Department of Language Science, University of California, Irvine, CA 92617.
Proc Natl Acad Sci U S A. 2023 Sep 26;120(39):e2220593120. doi: 10.1073/pnas.2220593120. Epub 2023 Sep 19.
I apply a recently emerging perspective on the complexity of action selection, the rate-distortion theory of control, to provide a computational-level model of errors and difficulties in human language production, which is grounded in information theory and control theory. Language production is cast as the sequential selection of actions to achieve a communicative goal subject to a capacity constraint on cognitive control.

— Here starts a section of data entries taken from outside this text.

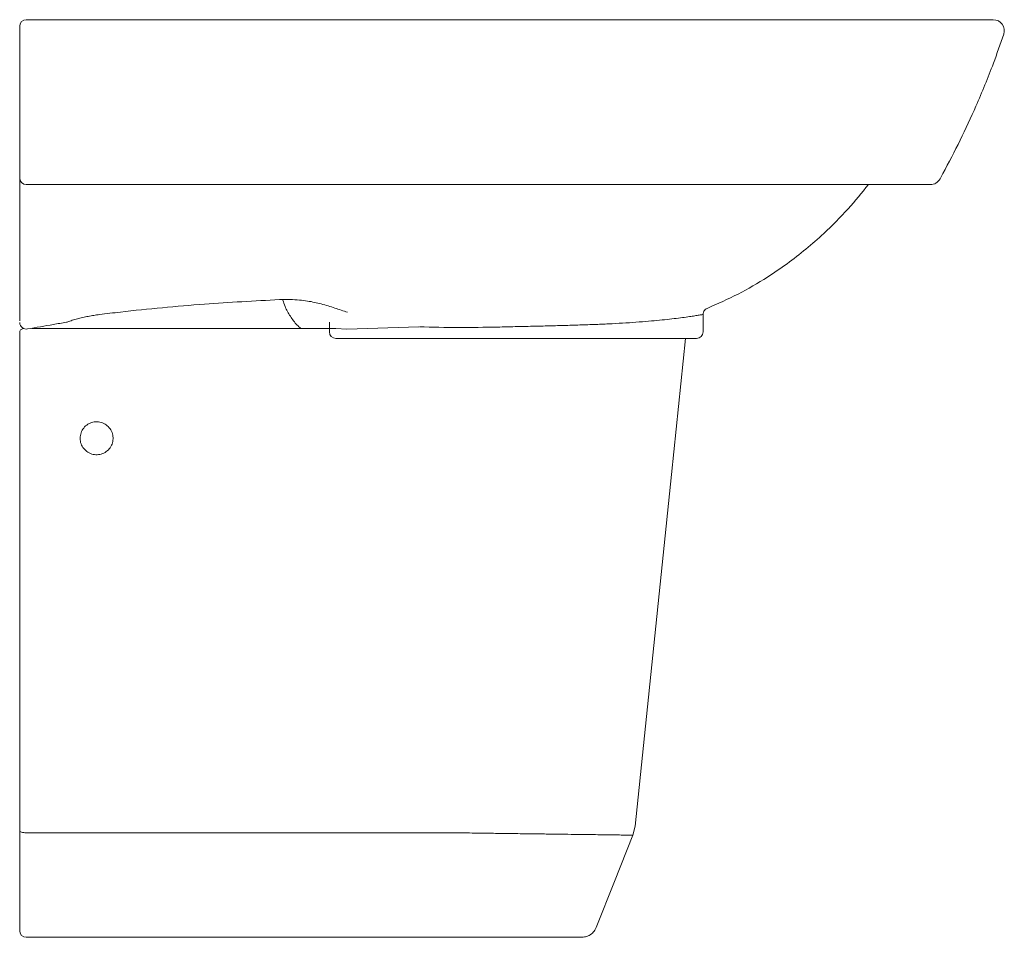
# Model space of a CAD drawing. Header units: millimetres. Extents: x 4112.778 to 4113.226, y 1846.625 to 1847.043.
import ezdxf

# ---------------------------------------------------------------- set-up
doc = ezdxf.new("R2010")
doc.units = ezdxf.units.MM
doc.layers.add('SANINDUSA', color=3, linetype='Continuous')

msp = doc.modelspace()

# ---------------------------------------------------------------- linework, layer by layer
at = {"layer": 'SANINDUSA', "linetype": 'Continuous', "lineweight": 15}
for p, q in [((4112.778020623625, 1846.971769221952), (4112.778020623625, 1846.973677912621)), ((4113.196859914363, 1846.970119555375), (4113.198186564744, 1846.972538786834)), ((4112.778020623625, 1846.968216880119), (4112.778020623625, 1846.970242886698)), ((4113.089032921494, 1846.900538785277), (4113.089032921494, 1846.908443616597)), ((4112.783559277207, 1846.902135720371), (4112.918730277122, 1846.902135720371)), ((4112.921951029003, 1846.90205512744), (4112.918951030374, 1846.90205512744)), ((4112.918951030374, 1846.900538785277), (4112.918951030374, 1846.90205512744)), ((4112.918951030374, 1846.901705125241), (4112.918951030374, 1846.900538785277)), ((4112.926856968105, 1846.901775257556), (4112.921951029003, 1846.90205512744)), ((4112.959746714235, 1846.902825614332), (4112.926856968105, 1846.901775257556)), ((4112.778020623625, 1846.677832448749), (4112.778020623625, 1846.900135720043)), ((4112.995532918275, 1846.897538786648), (4112.921951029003, 1846.897538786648)), ((4112.921951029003, 1846.897538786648), (4112.926594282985, 1846.897538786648)), ((4113.013195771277, 1846.897538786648), (4113.086032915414, 1846.897538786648)), ((4112.778020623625, 1846.630688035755), (4112.778020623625, 1846.673744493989)), ((4113.057098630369, 1846.671601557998), (4113.058086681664, 1846.675616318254)), ((4112.778020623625, 1846.628135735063), (4112.778020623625, 1846.630688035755)), ((4112.972801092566, 1846.625135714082), (4112.781020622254, 1846.625135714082))]:
    msp.add_line(p, q, dxfattribs=at)
at = {"layer": 'SANINDUSA', "linetype": 'Continuous', "lineweight": 15, "flags": 128}
for points in [[(4113.058086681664, 1846.675616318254), (4113.074640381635, 1846.835688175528), (4113.08103661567, 1846.897538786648)], [(4112.778020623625, 1846.673744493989), (4112.778078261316, 1846.673532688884), (4112.77824898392, 1846.673328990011), (4112.778526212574, 1846.673141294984), (4112.778899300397, 1846.672976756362), (4112.779353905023, 1846.67284172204), (4112.77987256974, 1846.672741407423), (4112.780435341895, 1846.672679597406), (4112.781020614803, 1846.67265873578)], [(4112.972800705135, 1846.672658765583), (4112.942800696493, 1846.672658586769), (4112.882800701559, 1846.672658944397), (4112.830410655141, 1846.672658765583), (4112.811928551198, 1846.67265873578), (4112.781020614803, 1846.67265873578)], [(4113.040320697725, 1846.629541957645), (4113.048693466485, 1846.650531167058), (4113.057098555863, 1846.671601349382)]]:
    msp.add_lwpolyline(points, dxfattribs=at)
at = {"layer": 'SANINDUSA', "linetype": 'Continuous', "lineweight": 15}
for centre, radius, start, end in [((4112.781020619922, 1847.039538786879), 0.003000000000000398, 90, 180), ((4113.221123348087, 1847.037538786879), 0.005000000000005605, 341.3800612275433, 90), ((4112.781020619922, 1846.970538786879), 0.003000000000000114, 180, 270), ((4113.192484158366, 1846.972538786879), 0.005000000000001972, 270, 331.0630827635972), ((4112.781009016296, 1846.904783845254), 0.00298850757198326, 180.5024282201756, 281.6660969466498), ((4112.780020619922, 1846.900135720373), 0.00200000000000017, 102.257455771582, 180), ((4112.92195102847, 1846.900538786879), 0.00299999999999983, 180, 270), ((4113.08603292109, 1846.900538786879), 0.003000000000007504, 270, 0), ((4112.781020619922, 1846.628135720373), 0.003000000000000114, 180, 270)]:
    msp.add_arc(centre, radius, start, end, dxfattribs=at)
for points, knots in [([(4112.778020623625, 1847.037111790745), (4112.778020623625, 1847.037320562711), (4112.778020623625, 1847.037738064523), (4112.778020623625, 1847.038356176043), (4112.778020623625, 1847.038892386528), (4112.778020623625, 1847.039302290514), (4112.778020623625, 1847.03951089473), (4112.778020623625, 1847.039531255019), (4112.778020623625, 1847.039538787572)], [0, 0, 0, 0, 0.16989344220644, 0.3397526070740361, 0.5113498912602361, 0.6921843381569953, 0.8861196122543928, 0.9999999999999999, 0.9999999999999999, 0.9999999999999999, 0.9999999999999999]), ([(4112.781020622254, 1847.042538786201), (4112.787899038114, 1847.042538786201), (4112.802523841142, 1847.042538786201), (4112.825230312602, 1847.042538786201), (4112.849112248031, 1847.042538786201), (4112.87141485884, 1847.042538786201), (4112.892039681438, 1847.042538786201), (4112.910913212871, 1847.042538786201), (4112.929916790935, 1847.042538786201), (4112.947909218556, 1847.042538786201), (4112.964855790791, 1847.042538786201), (4112.98072703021, 1847.042538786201), (4112.996588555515, 1847.042538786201), (4113.012366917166, 1847.042538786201), (4113.027988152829, 1847.042538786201), (4113.04319371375, 1847.042538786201), (4113.057940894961, 1847.042538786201), (4113.072196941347, 1847.042538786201), (4113.08608720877, 1847.042538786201), (4113.099512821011, 1847.042538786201), (4113.112229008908, 1847.042538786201), (4113.124194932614, 1847.042538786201), (4113.135416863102, 1847.042538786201), (4113.146401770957, 1847.042538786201), (4113.157014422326, 1847.042538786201), (4113.167146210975, 1847.042538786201), (4113.176418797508, 1847.042538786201), (4113.184802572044, 1847.042538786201), (4113.192610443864, 1847.042538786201), (4113.19969841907, 1847.042538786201), (4113.205961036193, 1847.042538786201), (4113.21113298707, 1847.042538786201), (4113.215226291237, 1847.042538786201), (4113.218259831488, 1847.042538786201), (4113.220048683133, 1847.042538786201), (4113.220971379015, 1847.042538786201), (4113.221072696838, 1847.042538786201), (4113.221123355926, 1847.042538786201)], [0, 0, 0, 0, 0.03655061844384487, 0.07771347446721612, 0.1188895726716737, 0.1600432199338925, 0.1915523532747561, 0.2230910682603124, 0.254619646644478, 0.286114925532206, 0.3121397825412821, 0.3382493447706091, 0.3643845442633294, 0.3904986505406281, 0.4165594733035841, 0.4425517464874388, 0.4675378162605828, 0.4926073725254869, 0.5176985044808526, 0.542755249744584, 0.5677304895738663, 0.5917565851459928, 0.61580915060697, 0.6398364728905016, 0.6665460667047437, 0.6933420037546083, 0.7201780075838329, 0.7469944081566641, 0.7737212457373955, 0.8039846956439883, 0.8343545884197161, 0.8647937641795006, 0.8952502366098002, 0.9256600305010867, 0.955950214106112, 0.9779750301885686, 1, 1, 1, 1]), ([(4112.778020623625, 1846.973677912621), (4112.778020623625, 1846.978846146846), (4112.778020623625, 1846.989191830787), (4112.778020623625, 1847.004992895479), (4112.778020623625, 1847.020952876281), (4112.778020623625, 1847.031722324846), (4112.778020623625, 1847.037111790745)], [0, 0, 0, 0, 0.2506641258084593, 0.5017752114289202, 0.7506682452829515, 1, 1, 1, 1]), ([(4113.225861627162, 1847.035942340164), (4113.224319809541, 1847.031517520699), (4113.220474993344, 1847.020483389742), (4113.213870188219, 1847.004396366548), (4113.206178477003, 1846.987671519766), (4113.200852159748, 1846.977586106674), (4113.198186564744, 1846.972538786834)], [0, 0, 0, 0, 0.2029381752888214, 0.5060650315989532, 0.7528065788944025, 1, 1, 1, 1]), ([(4112.778020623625, 1846.970538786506), (4112.778020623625, 1846.970561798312), (4112.778020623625, 1846.970607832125), (4112.778020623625, 1846.970968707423), (4112.778020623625, 1846.971392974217), (4112.778020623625, 1846.971685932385), (4112.778020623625, 1846.971769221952)], [0, 0, 0, 0, 0.2958500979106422, 0.5918313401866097, 0.8839554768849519, 1, 1, 1, 1]), ([(4112.778020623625, 1846.907219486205), (4112.778020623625, 1846.913152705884), (4112.778020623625, 1846.925019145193), (4112.778020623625, 1846.945348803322), (4112.778020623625, 1846.959792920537), (4112.778020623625, 1846.968216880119)], [0, 0, 0, 0, 0.294178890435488, 0.5883577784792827, 1, 1, 1, 1]), ([(4113.192484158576, 1846.967538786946), (4113.192409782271, 1846.967538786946), (4113.192260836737, 1846.967538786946), (4113.191005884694, 1846.967538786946), (4113.188901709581, 1846.967538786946), (4113.18580482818, 1846.967538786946), (4113.181685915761, 1846.967538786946), (4113.176456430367, 1846.967538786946), (4113.170066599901, 1846.967538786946), (4113.163320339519, 1846.967538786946), (4113.156567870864, 1846.967538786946), (4113.150126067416, 1846.967538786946), (4113.143087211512, 1846.967538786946), (4113.135438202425, 1846.967538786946), (4113.127183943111, 1846.967538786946), (4113.119224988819, 1846.967538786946), (4113.111733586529, 1846.967538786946), (4113.104830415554, 1846.967538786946), (4113.097672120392, 1846.967538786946), (4113.089562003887, 1846.967538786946), (4113.080450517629, 1846.967538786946), (4113.070289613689, 1846.967538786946), (4113.059743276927, 1846.967538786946), (4113.048834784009, 1846.967538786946), (4113.037597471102, 1846.967538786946), (4113.025414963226, 1846.967538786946), (4113.012280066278, 1846.967538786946), (4112.998223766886, 1846.967538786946), (4112.983941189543, 1846.967538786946), (4112.969486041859, 1846.967538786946), (4112.954896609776, 1846.967538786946), (4112.937697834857, 1846.967538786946), (4112.917937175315, 1846.967538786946), (4112.895640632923, 1846.967538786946), (4112.873444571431, 1846.967538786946), (4112.852793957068, 1846.967538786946), (4112.833704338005, 1846.967538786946), (4112.818070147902, 1846.967538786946), (4112.804456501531, 1846.967538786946), (4112.792802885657, 1846.967538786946), (4112.784947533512, 1846.967538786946), (4112.781020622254, 1846.967538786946)], [0, 0, 0, 0, 0.02810630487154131, 0.05628551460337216, 0.08569886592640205, 0.1151358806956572, 0.1445440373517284, 0.1750576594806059, 0.2056053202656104, 0.2361121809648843, 0.2574208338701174, 0.2787438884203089, 0.3000509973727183, 0.3219581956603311, 0.3438832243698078, 0.3657891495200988, 0.3816135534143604, 0.3974379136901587, 0.4133814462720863, 0.4293250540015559, 0.4498527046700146, 0.4703965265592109, 0.4909244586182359, 0.5120462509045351, 0.5331850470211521, 0.5543079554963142, 0.5796331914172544, 0.6049855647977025, 0.6303173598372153, 0.6563589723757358, 0.6824177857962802, 0.7084676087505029, 0.7486527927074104, 0.7888431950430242, 0.8293074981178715, 0.8697743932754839, 0.9023232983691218, 0.9348731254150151, 0.9565850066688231, 0.9782967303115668, 1, 1, 1, 1]), ([(4113.164295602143, 1846.967538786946), (4113.161273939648, 1846.963826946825), (4113.154928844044, 1846.956032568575), (4113.145262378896, 1846.946350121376), (4113.13587963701, 1846.938106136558), (4113.12731504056, 1846.931456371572), (4113.117102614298, 1846.924496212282), (4113.105064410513, 1846.917462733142), (4113.095630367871, 1846.913305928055), (4113.090894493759, 1846.91121921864)], [0, 0, 0, 0, 0.1534183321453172, 0.3221584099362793, 0.4379462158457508, 0.5538345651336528, 0.6696113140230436, 0.8341454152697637, 1, 1, 1, 1]), ([(4112.814304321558, 1846.908411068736), (4112.817482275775, 1846.908797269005), (4112.827016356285, 1846.909955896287), (4112.842945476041, 1846.91159539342), (4112.867084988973, 1846.913660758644), (4112.884890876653, 1846.914597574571), (4112.89629427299, 1846.915197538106)], [0, 0, 0, 0, 0.1167622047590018, 0.3502946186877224, 0.5839102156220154, 1, 1, 1, 1]), ([(4112.89629427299, 1846.915197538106), (4112.897898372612, 1846.915236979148), (4112.901110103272, 1846.915315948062), (4112.905326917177, 1846.915049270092), (4112.909043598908, 1846.914587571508), (4112.912304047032, 1846.913979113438), (4112.915441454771, 1846.913223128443), (4112.918468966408, 1846.912345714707), (4112.922442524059, 1846.911051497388), (4112.925274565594, 1846.91007438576), (4112.92725033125, 1846.90945234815), (4112.927255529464, 1846.909450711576)], [0, 0, 0, 0, 0.1074519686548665, 0.2151404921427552, 0.3158780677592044, 0.4170455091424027, 0.518099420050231, 0.6381370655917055, 0.7582239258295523, 0.9993638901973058, 1, 1, 1, 1]), ([(4112.905945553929, 1846.902135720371), (4112.905389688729, 1846.902620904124), (4112.903559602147, 1846.904218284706), (4112.901136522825, 1846.907582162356), (4112.898926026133, 1846.911422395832), (4112.898138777, 1846.914027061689), (4112.897841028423, 1846.915012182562)], [0, 0, 0, 0, 0.1432867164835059, 0.471745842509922, 0.8002069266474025, 0.9999999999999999, 0.9999999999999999, 0.9999999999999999, 0.9999999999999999]), ([(4113.090894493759, 1846.91121921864), (4113.090587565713, 1846.911066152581), (4113.089991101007, 1846.910768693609), (4113.089634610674, 1846.910174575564), (4113.089208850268, 1846.909655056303), (4113.08907560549, 1846.909112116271), (4113.089043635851, 1846.90861142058), (4113.089032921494, 1846.908443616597)], [0, 0, 0, 0, 0.2853824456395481, 0.5545943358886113, 0.5707647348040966, 0.8561453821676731, 0.9999999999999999, 0.9999999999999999, 0.9999999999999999, 0.9999999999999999]), ([(4112.778020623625, 1846.905624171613), (4112.778020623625, 1846.905684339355), (4112.778020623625, 1846.905804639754), (4112.778020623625, 1846.906247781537), (4112.778020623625, 1846.906744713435), (4112.778020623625, 1846.907091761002), (4112.778020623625, 1846.907219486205)], [0, 0, 0, 0, 0.2773845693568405, 0.5546073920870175, 0.8360805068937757, 1, 1, 1, 1]), ([(4112.78161331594, 1846.901857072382), (4112.785518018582, 1846.902547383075), (4112.791391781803, 1846.903585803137), (4112.797282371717, 1846.90455795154), (4112.799257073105, 1846.904883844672)], [0, 0, 0, 0, 0.664770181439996, 1, 1, 1, 1]), ([(4112.799257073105, 1846.904883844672), (4112.799466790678, 1846.904960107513), (4112.800294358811, 1846.9052610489), (4112.801923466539, 1846.905790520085), (4112.804217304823, 1846.906445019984), (4112.806672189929, 1846.907054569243), (4112.80920668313, 1846.907597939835), (4112.811788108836, 1846.9080680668), (4112.813465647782, 1846.908296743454), (4112.814304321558, 1846.908411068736)], [0, 0, 0, 0, 0.0544779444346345, 0.214975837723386, 0.3754710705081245, 0.5317928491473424, 0.6880915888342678, 0.8440635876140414, 1, 1, 1, 1]), ([(4112.918951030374, 1846.90205512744), (4112.918951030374, 1846.902748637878), (4112.918951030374, 1846.903769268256), (4112.918951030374, 1846.904681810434), (4112.918951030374, 1846.90497428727)], [0, 0, 0, 0, 0.679492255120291, 1, 1, 1, 1]), ([(4113.089032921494, 1846.908443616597), (4113.088923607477, 1846.908423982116), (4113.088703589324, 1846.908384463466), (4113.087068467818, 1846.908112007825), (4113.084822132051, 1846.907759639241), (4113.082149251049, 1846.907366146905), (4113.078832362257, 1846.90691523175), (4113.074917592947, 1846.906433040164), (4113.070481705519, 1846.905947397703), (4113.065532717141, 1846.905472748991), (4113.060034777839, 1846.905023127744), (4113.054070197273, 1846.9046142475), (4113.047742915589, 1846.904259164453), (4113.041048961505, 1846.903952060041), (4113.033961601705, 1846.90369041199), (4113.026596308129, 1846.903466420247), (4113.019080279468, 1846.903271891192), (4113.011400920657, 1846.903089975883), (4113.003533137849, 1846.902907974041), (4112.998199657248, 1846.902772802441), (4112.995532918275, 1846.902705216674)], [0, 0, 0, 0, 0.07007553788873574, 0.1410422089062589, 0.1940396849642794, 0.2470377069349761, 0.3015862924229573, 0.3561352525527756, 0.4089850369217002, 0.4618347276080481, 0.5162091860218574, 0.5705833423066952, 0.6234924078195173, 0.676401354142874, 0.7308519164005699, 0.7853026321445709, 0.8382086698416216, 0.8911146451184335, 0.9455573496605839, 1, 1, 1, 1]), ([(4112.995532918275, 1846.902705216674), (4112.989600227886, 1846.902609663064), (4112.97773039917, 1846.902418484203), (4112.965862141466, 1846.902690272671), (4112.959925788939, 1846.902826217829)], [0, 0, 0, 0, 0.4998126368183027, 1, 1, 1, 1]), ([(4112.959879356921, 1846.897538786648), (4112.967761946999, 1846.897538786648), (4112.979644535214, 1846.897538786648), (4112.991527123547, 1846.897538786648), (4112.995527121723, 1846.897538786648)], [0, 0, 0, 0, 0.6633731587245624, 1, 1, 1, 1]), ([(4112.995527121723, 1846.897538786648), (4112.997442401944, 1846.897538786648), (4113.00135887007, 1846.897538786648), (4113.007266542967, 1846.897538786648), (4113.011216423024, 1846.897538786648), (4113.013195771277, 1846.897538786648)], [0, 0, 0, 0, 0.3231662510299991, 0.660827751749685, 1, 1, 1, 1]), ([(4112.805520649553, 1846.852156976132), (4112.805520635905, 1846.852143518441), (4112.805519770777, 1846.851290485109), (4112.805814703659, 1846.849585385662), (4112.807063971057, 1846.847346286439), (4112.808984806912, 1846.845644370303), (4112.811360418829, 1846.844674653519), (4112.813923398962, 1846.844545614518), (4112.816384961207, 1846.845272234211), (4112.818467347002, 1846.846773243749), (4112.819935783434, 1846.848877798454), (4112.820537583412, 1846.851045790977), (4112.820531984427, 1846.853263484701), (4112.819919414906, 1846.855428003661), (4112.818441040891, 1846.857524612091), (4112.816352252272, 1846.859015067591), (4112.813887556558, 1846.859729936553), (4112.811326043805, 1846.859588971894), (4112.808950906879, 1846.858607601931), (4112.807050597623, 1846.856896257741), (4112.805770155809, 1846.854659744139), (4112.805603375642, 1846.852986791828), (4112.805520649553, 1846.852156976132)], [0, 0, 0, 0, 0.0008608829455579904, 0.05456819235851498, 0.108246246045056, 0.1619210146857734, 0.2155900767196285, 0.2692615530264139, 0.3229428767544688, 0.376636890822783, 0.4303388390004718, 0.4840414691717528, 0.517660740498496, 0.571356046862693, 0.6250385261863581, 0.6787106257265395, 0.7323794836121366, 0.786053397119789, 0.839738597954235, 0.8934363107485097, 0.9471424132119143, 1, 1, 1, 1]), ([(4112.778020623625, 1846.673744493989), (4112.778020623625, 1846.674397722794), (4112.778020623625, 1846.675724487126), (4112.778020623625, 1846.677122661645), (4112.778020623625, 1846.677832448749)], [0, 0, 0, 0, 0.4923472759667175, 1, 1, 1, 1]), ([(4113.057098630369, 1846.671601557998), (4113.056993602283, 1846.671602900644), (4113.056814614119, 1846.671605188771), (4113.055564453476, 1846.671621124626), (4113.053957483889, 1846.671639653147), (4113.05177044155, 1846.671666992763), (4113.049049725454, 1846.671706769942), (4113.045844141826, 1846.671746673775), (4113.042165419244, 1846.671797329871), (4113.037984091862, 1846.671852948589), (4113.03310027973, 1846.671913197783), (4113.027510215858, 1846.671989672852), (4113.021115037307, 1846.672072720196), (4113.014188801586, 1846.672165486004), (4113.006688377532, 1846.672262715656), (4112.998759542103, 1846.672368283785), (4112.990364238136, 1846.672474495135), (4112.981661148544, 1846.672612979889), (4112.975755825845, 1846.672643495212), (4112.972800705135, 1846.672658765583)], [0, 0, 0, 0, 0.07277839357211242, 0.124028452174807, 0.1752785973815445, 0.228014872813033, 0.2807508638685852, 0.3318920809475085, 0.3830331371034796, 0.4356538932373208, 0.4882747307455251, 0.548363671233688, 0.6084525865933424, 0.6709985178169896, 0.7335442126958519, 0.7986677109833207, 0.8637907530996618, 0.9318386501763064, 1, 1, 1, 1]), ([(4113.03381897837, 1846.625135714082), (4113.03460665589, 1846.625212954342), (4113.036182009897, 1846.62536743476), (4113.038269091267, 1846.626576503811), (4113.039639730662, 1846.628069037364), (4113.040145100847, 1846.629162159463), (4113.04032075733, 1846.629542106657)], [0, 0, 0, 0, 0.2830657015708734, 0.5661310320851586, 0.8491958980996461, 1, 1, 1, 1]), ([(4113.03381897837, 1846.625135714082), (4113.033772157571, 1846.625135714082), (4113.033678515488, 1846.625135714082), (4113.032877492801, 1846.625135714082), (4113.031447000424, 1846.625135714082), (4113.029231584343, 1846.625135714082), (4113.026369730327, 1846.625135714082), (4113.022870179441, 1846.625135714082), (4113.018799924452, 1846.625135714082), (4113.013945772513, 1846.625135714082), (4113.008238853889, 1846.625135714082), (4113.001706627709, 1846.625135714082), (4112.995093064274, 1846.625135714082), (4112.988548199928, 1846.625135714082), (4112.98221754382, 1846.625135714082), (4112.976946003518, 1846.625135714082), (4112.97380975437, 1846.625135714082), (4112.972801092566, 1846.625135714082)], [0, 0, 0, 0, 0.05609386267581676, 0.1121883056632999, 0.1805217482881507, 0.2490731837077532, 0.3174082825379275, 0.3856687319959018, 0.4541465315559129, 0.5224073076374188, 0.6023880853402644, 0.6827201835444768, 0.7627000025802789, 0.8308899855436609, 0.8993270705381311, 0.9676221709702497, 1, 1, 1, 1])]:
    msp.add_open_spline(points, degree=3, knots=knots, dxfattribs=at)

doc.saveas('drawing.dxf')

In a series of calculations, simulations, corpus analyses, and comparisons to experimental data, I show that the model directly predicts some of the major known qualitative and quantitative phenomena in language production, including semantic interference and predictability effects in word choice; accessibility-based ("easy-first") production preferences in word order alternations; and the existence and distribution of disfluencies including filled pauses, corrections, and false starts. I connect the rate-distortion view to existing models of human language production, to probabilistic models of semantics and pragmatics, and to proposals for controlled language generation in the machine learning and reinforcement learning literature.
我应用了一种新兴的关于动作选择复杂性的观点,即控制的率失真理论,为人类语言产生中的错误和困难提供了一个基于信息论和控制论的计算水平模型。语言产生被视为在认知控制的容量约束下,为实现交际目标而进行的动作序列选择。在一系列的计算、模拟、语料库分析以及与实验数据的比较中,我表明该模型直接预测了语言产生中的一些主要的已知定性和定量现象,包括选词中的语义干扰和可预测性效应;语序交替中基于可及性的(“先易后难”)生成偏好;以及不流畅性的存在和分布,包括填充停顿、纠正和错误开始。我将率失真观点与现有的人类语言产生模型、语义和语用的概率模型以及机器学习和强化学习文献中关于受控语言生成的建议联系起来。